- [Exercise goal]: Every line of the data below is to be written out again exactly.

- [Extracted data]:
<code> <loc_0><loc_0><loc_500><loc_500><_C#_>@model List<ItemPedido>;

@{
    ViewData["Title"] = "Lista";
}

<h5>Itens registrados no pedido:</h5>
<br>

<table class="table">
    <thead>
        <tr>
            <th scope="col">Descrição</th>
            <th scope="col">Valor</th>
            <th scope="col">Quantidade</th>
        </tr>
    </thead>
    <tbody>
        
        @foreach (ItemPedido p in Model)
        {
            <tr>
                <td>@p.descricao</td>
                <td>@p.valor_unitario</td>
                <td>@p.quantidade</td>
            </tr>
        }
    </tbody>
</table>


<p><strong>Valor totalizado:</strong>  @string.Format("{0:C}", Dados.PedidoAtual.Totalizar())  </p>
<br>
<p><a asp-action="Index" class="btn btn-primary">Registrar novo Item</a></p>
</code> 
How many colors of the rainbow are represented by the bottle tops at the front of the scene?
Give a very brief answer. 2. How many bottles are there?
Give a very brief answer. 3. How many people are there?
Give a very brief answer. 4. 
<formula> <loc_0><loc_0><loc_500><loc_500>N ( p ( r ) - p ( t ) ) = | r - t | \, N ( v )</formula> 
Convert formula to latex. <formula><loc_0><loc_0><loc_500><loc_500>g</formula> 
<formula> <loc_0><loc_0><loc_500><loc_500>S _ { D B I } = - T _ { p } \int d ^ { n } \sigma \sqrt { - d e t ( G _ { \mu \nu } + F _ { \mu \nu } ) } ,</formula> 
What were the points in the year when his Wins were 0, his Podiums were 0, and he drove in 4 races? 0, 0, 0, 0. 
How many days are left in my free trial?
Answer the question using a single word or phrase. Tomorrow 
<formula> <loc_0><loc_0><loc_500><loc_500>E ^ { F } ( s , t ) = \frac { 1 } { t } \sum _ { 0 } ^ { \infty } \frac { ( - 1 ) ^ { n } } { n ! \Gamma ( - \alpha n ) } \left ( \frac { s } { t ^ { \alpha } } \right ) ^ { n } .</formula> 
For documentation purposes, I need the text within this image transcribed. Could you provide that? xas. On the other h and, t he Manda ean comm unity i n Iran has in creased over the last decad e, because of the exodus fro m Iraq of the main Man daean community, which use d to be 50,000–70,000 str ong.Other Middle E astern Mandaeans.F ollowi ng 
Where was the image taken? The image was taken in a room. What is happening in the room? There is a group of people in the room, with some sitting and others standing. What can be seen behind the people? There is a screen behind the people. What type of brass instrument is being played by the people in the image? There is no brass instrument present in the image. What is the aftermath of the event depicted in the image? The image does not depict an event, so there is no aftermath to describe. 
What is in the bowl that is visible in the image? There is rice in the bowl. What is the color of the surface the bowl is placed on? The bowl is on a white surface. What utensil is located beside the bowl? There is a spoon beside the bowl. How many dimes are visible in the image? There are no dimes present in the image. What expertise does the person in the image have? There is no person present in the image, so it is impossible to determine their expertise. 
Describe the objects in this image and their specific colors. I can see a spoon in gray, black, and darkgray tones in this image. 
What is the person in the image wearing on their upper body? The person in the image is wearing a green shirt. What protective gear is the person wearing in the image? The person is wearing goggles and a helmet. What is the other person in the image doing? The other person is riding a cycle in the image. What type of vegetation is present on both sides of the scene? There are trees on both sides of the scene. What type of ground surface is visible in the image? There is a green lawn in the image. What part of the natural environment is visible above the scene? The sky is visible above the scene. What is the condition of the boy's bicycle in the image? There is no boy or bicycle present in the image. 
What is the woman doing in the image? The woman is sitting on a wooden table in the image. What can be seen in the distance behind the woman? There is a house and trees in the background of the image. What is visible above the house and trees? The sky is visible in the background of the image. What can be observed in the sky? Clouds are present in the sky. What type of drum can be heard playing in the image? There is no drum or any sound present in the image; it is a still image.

- [Answer to the problem]:
<code> <loc_0><loc_0><loc_500><loc_500><_C#_>@model List<ItemPedido>;

@{
    ViewData["Title"] = "Lista";
}

<h5>Itens registrados no pedido:</h5>
<br>

<table class="table">
    <thead>
        <tr>
            <th scope="col">Descrição</th>
            <th scope="col">Valor</th>
            <th scope="col">Quantidade</th>
        </tr>
    </thead>
    <tbody>
        
        @foreach (ItemPedido p in Model)
        {
            <tr>
                <td>@p.descricao</td>
                <td>@p.valor_unitario</td>
                <td>@p.quantidade</td>
            </tr>
        }
    </tbody>
</table>


<p><strong>Valor totalizado:</strong>  @string.Format("{0:C}", Dados.PedidoAtual.Totalizar())  </p>
<br>
<p><a asp-action="Index" class="btn btn-primary">Registrar novo Item</a></p>
</code> 
How many colors of the rainbow are represented by the bottle tops at the front of the scene?
Give a very brief answer. 2. How many bottles are there?
Give a very brief answer. 3. How many people are there?
Give a very brief answer. 4. 
<formula> <loc_0><loc_0><loc_500><loc_500>N ( p ( r ) - p ( t ) ) = | r - t | \, N ( v )</formula> 
Convert formula to latex. <formula><loc_0><loc_0><loc_500><loc_500>g</formula> 
<formula> <loc_0><loc_0><loc_500><loc_500>S _ { D B I } = - T _ { p } \int d ^ { n } \sigma \sqrt { - d e t ( G _ { \mu \nu } + F _ { \mu \nu } ) } ,</formula> 
What were the points in the year when his Wins were 0, his Podiums were 0, and he drove in 4 races? 0, 0, 0, 0. 
How many days are left in my free trial?
Answer the question using a single word or phrase. Tomorrow 
<formula> <loc_0><loc_0><loc_500><loc_500>E ^ { F } ( s , t ) = \frac { 1 } { t } \sum _ { 0 } ^ { \infty } \frac { ( - 1 ) ^ { n } } { n ! \Gamma ( - \alpha n ) } \left ( \frac { s } { t ^ { \alpha } } \right ) ^ { n } .</formula> 
For documentation purposes, I need the text within this image transcribed. Could you provide that? xas. On the other h and, t he Manda ean comm unity i n Iran has in creased over the last decad e, because of the exodus fro m Iraq of the main Man daean community, which use d to be 50,000–70,000 str ong.Other Middle E astern Mandaeans.F ollowi ng 
Where was the image taken? The image was taken in a room. What is happening in the room? There is a group of people in the room, with some sitting and others standing. What can be seen behind the people? There is a screen behind the people. What type of brass instrument is being played by the people in the image? There is no brass instrument present in the image. What is the aftermath of the event depicted in the image? The image does not depict an event, so there is no aftermath to describe. 
What is in the bowl that is visible in the image? There is rice in the bowl. What is the color of the surface the bowl is placed on? The bowl is on a white surface. What utensil is located beside the bowl? There is a spoon beside the bowl. How many dimes are visible in the image? There are no dimes present in the image. What expertise does the person in the image have? There is no person present in the image, so it is impossible to determine their expertise. 
Describe the objects in this image and their specific colors. I can see a spoon in gray, black, and darkgray tones in this image. 
What is the person in the image wearing on their upper body? The person in the image is wearing a green shirt. What protective gear is the person wearing in the image? The person is wearing goggles and a helmet. What is the other person in the image doing? The other person is riding a cycle in the image. What type of vegetation is present on both sides of the scene? There are trees on both sides of the scene. What type of ground surface is visible in the image? There is a green lawn in the image. What part of the natural environment is visible above the scene? The sky is visible above the scene. What is the condition of the boy's bicycle in the image? There is no boy or bicycle present in the image. 
What is the woman doing in the image? The woman is sitting on a wooden table in the image. What can be seen in the distance behind the woman? There is a house and trees in the background of the image. What is visible above the house and trees? The sky is visible in the background of the image. What can be observed in the sky? Clouds are present in the sky. What type of drum can be heard playing in the image? There is no drum or any sound present in the image; it is a still image.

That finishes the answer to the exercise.